WORK INSTRUCTION: Each entry below should be given again exactly; the pictures stay out.

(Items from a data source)
§ §
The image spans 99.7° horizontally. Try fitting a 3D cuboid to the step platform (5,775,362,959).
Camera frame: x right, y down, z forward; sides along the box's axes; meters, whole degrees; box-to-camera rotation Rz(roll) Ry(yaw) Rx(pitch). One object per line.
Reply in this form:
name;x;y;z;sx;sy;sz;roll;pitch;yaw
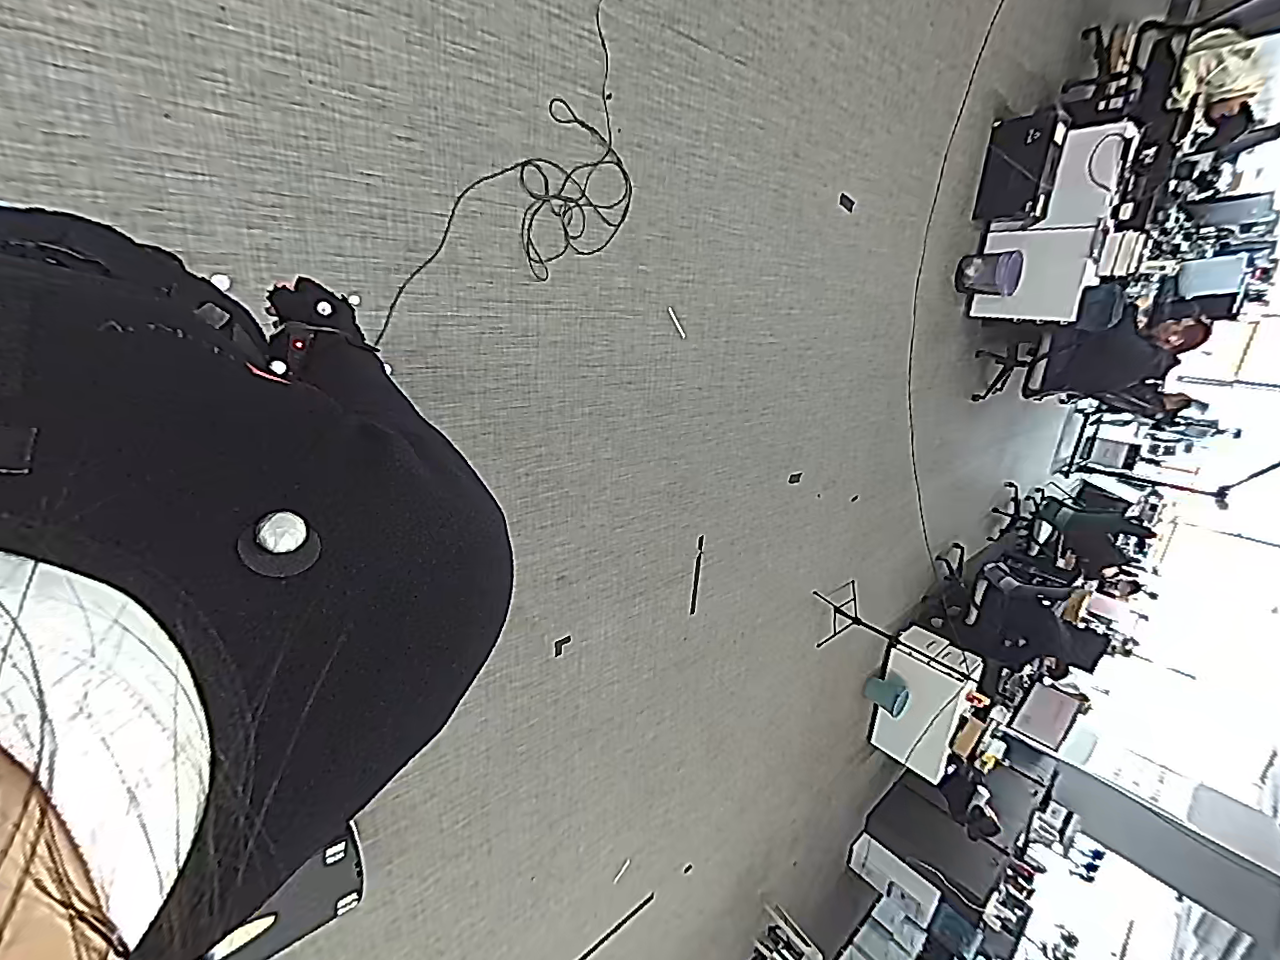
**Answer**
step platform;-1.083;1.068;1.361;0.684;0.204;0.286;-14;115;-38
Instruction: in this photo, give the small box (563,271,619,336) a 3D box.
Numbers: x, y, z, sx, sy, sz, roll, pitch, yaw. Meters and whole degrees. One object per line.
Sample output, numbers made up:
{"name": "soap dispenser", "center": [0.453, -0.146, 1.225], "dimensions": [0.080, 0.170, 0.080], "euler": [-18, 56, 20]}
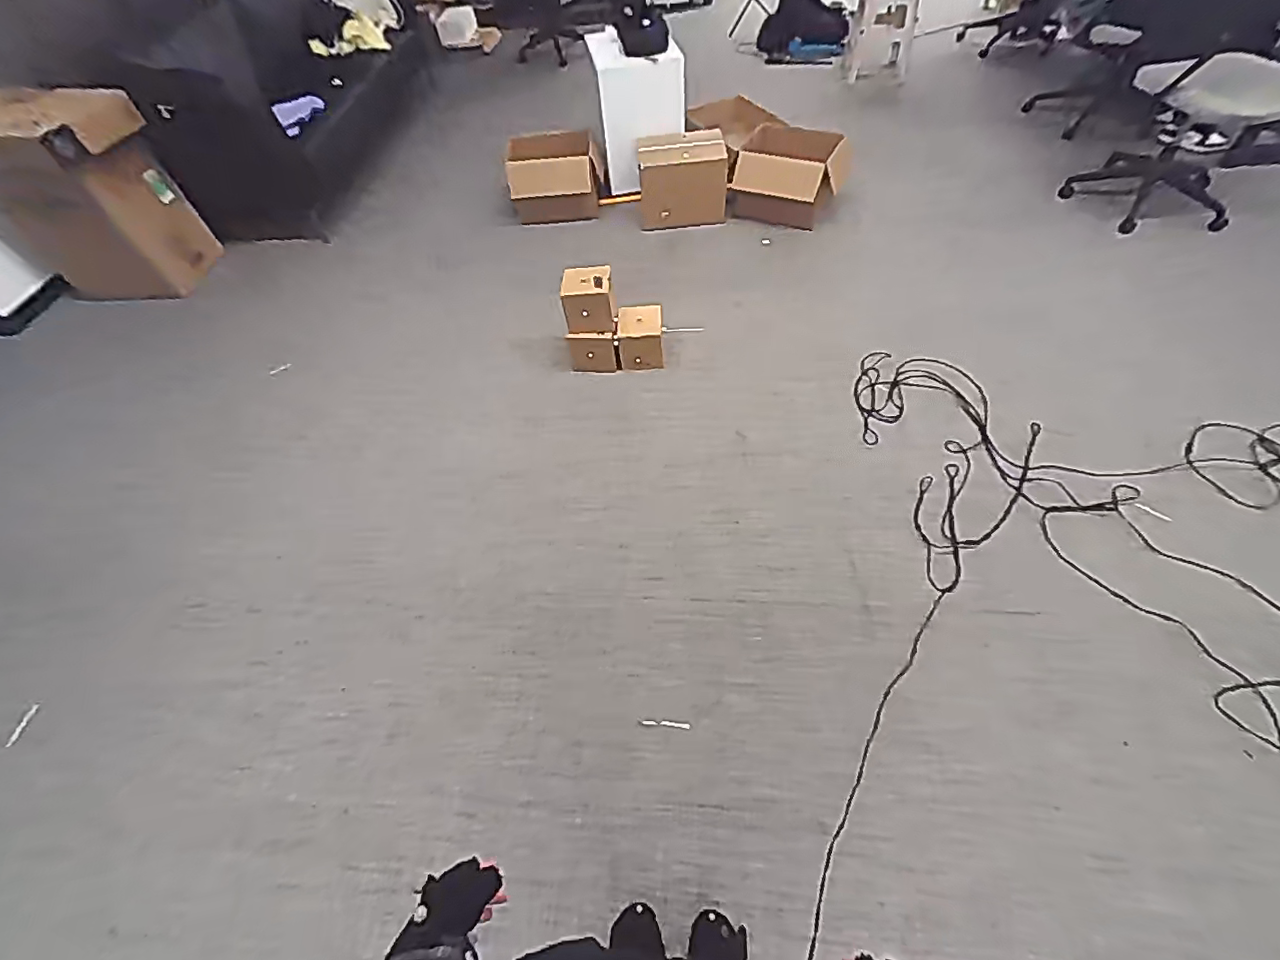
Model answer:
{"name": "small box", "center": [-0.176, -0.650, 2.001], "dimensions": [0.179, 0.176, 0.168], "euler": [-2, 53, 6]}
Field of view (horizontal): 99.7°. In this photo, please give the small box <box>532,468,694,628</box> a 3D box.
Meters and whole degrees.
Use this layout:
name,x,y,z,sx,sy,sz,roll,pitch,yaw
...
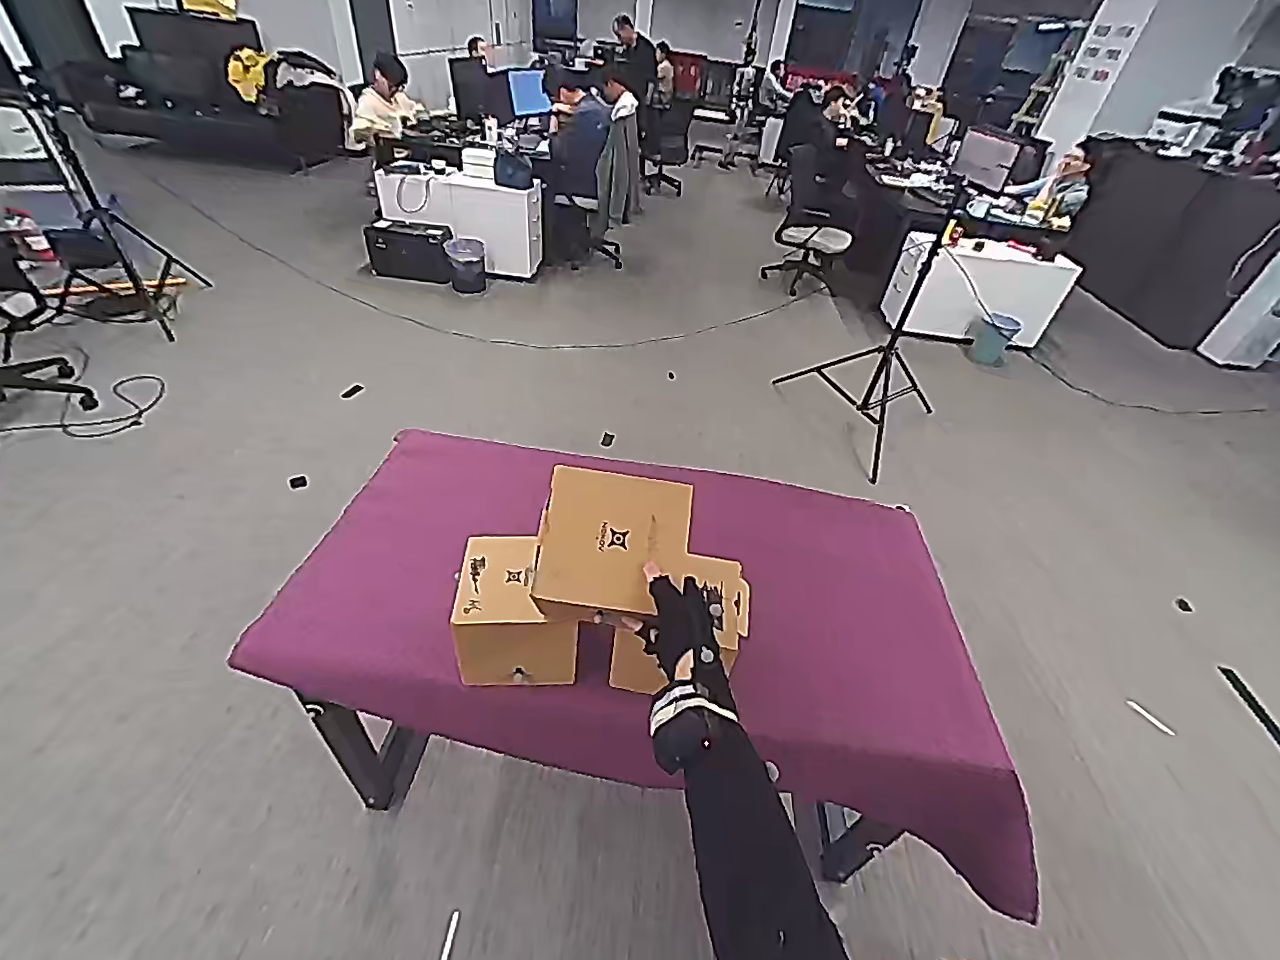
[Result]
name,x,y,z,sx,sy,sz,roll,pitch,yaw
small box,-0.035,0.099,0.718,0.179,0.176,0.168,9,69,-3

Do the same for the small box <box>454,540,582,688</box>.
name,x,y,z,sx,sy,sz,roll,pitch,yaw
small box,-0.185,0.214,0.862,0.179,0.176,0.168,2,39,-8

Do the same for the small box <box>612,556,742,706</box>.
name,x,y,z,sx,sy,sz,roll,pitch,yaw
small box,0.058,0.238,0.870,0.179,0.176,0.168,10,39,5
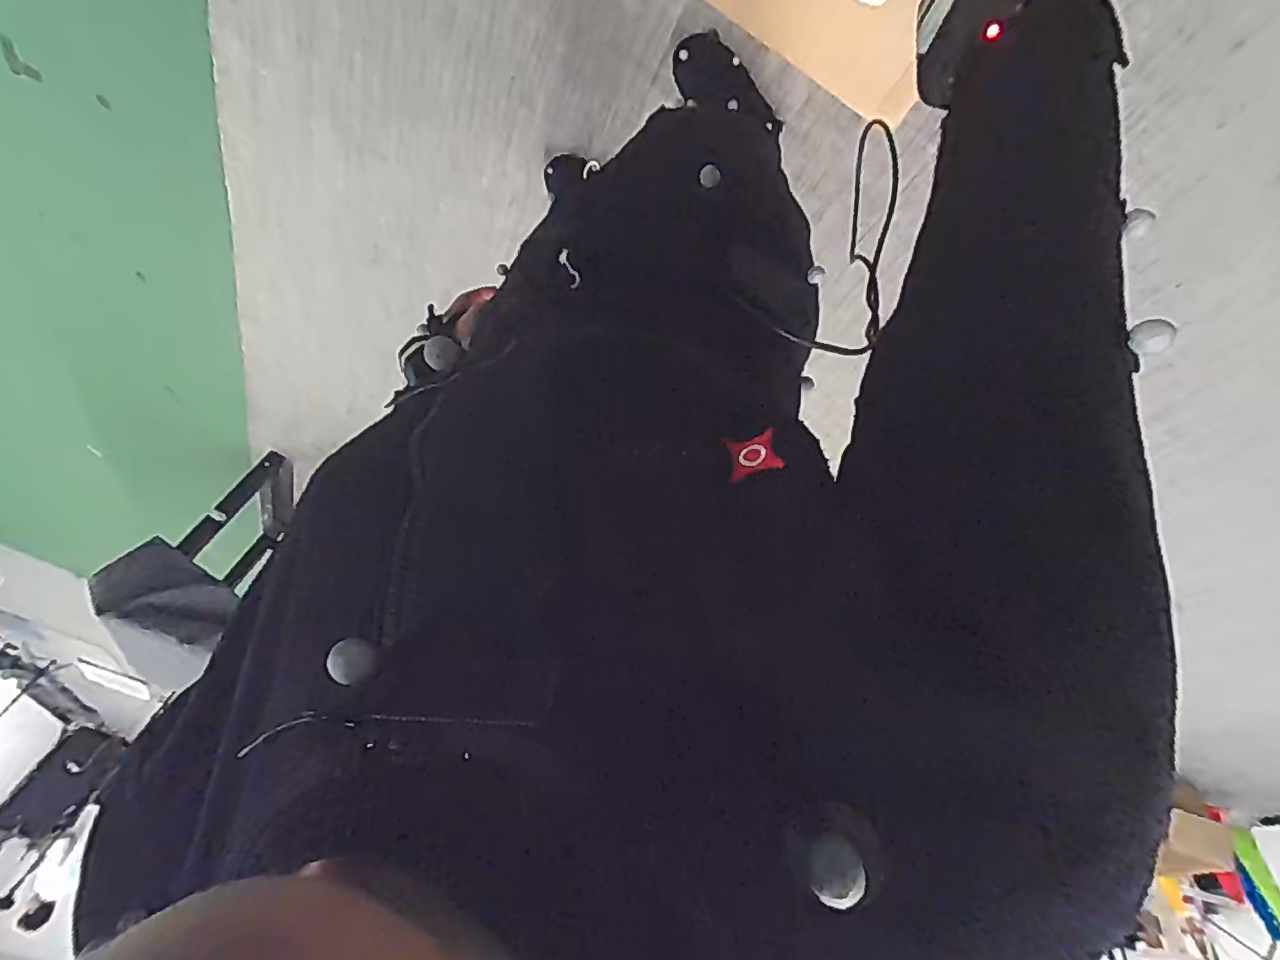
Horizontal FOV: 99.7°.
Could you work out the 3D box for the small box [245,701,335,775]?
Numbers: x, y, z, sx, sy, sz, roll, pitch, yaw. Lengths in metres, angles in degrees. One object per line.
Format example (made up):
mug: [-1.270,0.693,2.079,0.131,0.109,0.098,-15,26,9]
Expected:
§ §
OUTPUT BELOW:
The image spans 99.7° horizontally. Try fitting a 3D cuboid to the step platform (5,775,362,959).
Camera frame: x right, y down, z forward; sides along the box's axes; meters, whole degrees; box-to-camera rotation Rz(roll) Ry(yaw) Rx(pitch). One object per line.
Reply in this form:
name;x;y;z;sx;sy;sz;roll;pitch;yaw
**Answer**
step platform;-1.083;1.068;1.361;0.684;0.204;0.286;-14;115;-38
Instruction: in this photo, give the small box (563,271,619,336) a 3D box.
Numbers: x, y, z, sx, sy, sz, roll, pitch, yaw. Meters and whole degrees. One object per line.
Sample output, numbers made up:
{"name": "soap dispenser", "center": [0.453, -0.146, 1.225], "dimensions": [0.080, 0.170, 0.080], "euler": [-18, 56, 20]}
Model answer:
{"name": "small box", "center": [-0.176, -0.650, 2.001], "dimensions": [0.179, 0.176, 0.168], "euler": [-2, 53, 6]}
Field of view (horizontal): 99.7°. In this photo, please give the small box <box>532,468,694,628</box> a 3D box.
Meters and whole degrees.
Use this layout:
name,x,y,z,sx,sy,sz,roll,pitch,yaw
...
[Result]
name,x,y,z,sx,sy,sz,roll,pitch,yaw
small box,-0.035,0.099,0.718,0.179,0.176,0.168,9,69,-3

Do the same for the small box <box>454,540,582,688</box>.
name,x,y,z,sx,sy,sz,roll,pitch,yaw
small box,-0.185,0.214,0.862,0.179,0.176,0.168,2,39,-8

Do the same for the small box <box>612,556,742,706</box>.
name,x,y,z,sx,sy,sz,roll,pitch,yaw
small box,0.058,0.238,0.870,0.179,0.176,0.168,10,39,5
Horizontal FOV: 99.7°.
Could you work out the 3D box for the small box [245,701,335,775]?
Numbers: x, y, z, sx, sy, sz, roll, pitch, yaw. Lengths in metres, angles in degrees. One object per line.
Format example (made up):
mug: [-1.270,0.693,2.079,0.131,0.109,0.098,-15,26,9]
Expected:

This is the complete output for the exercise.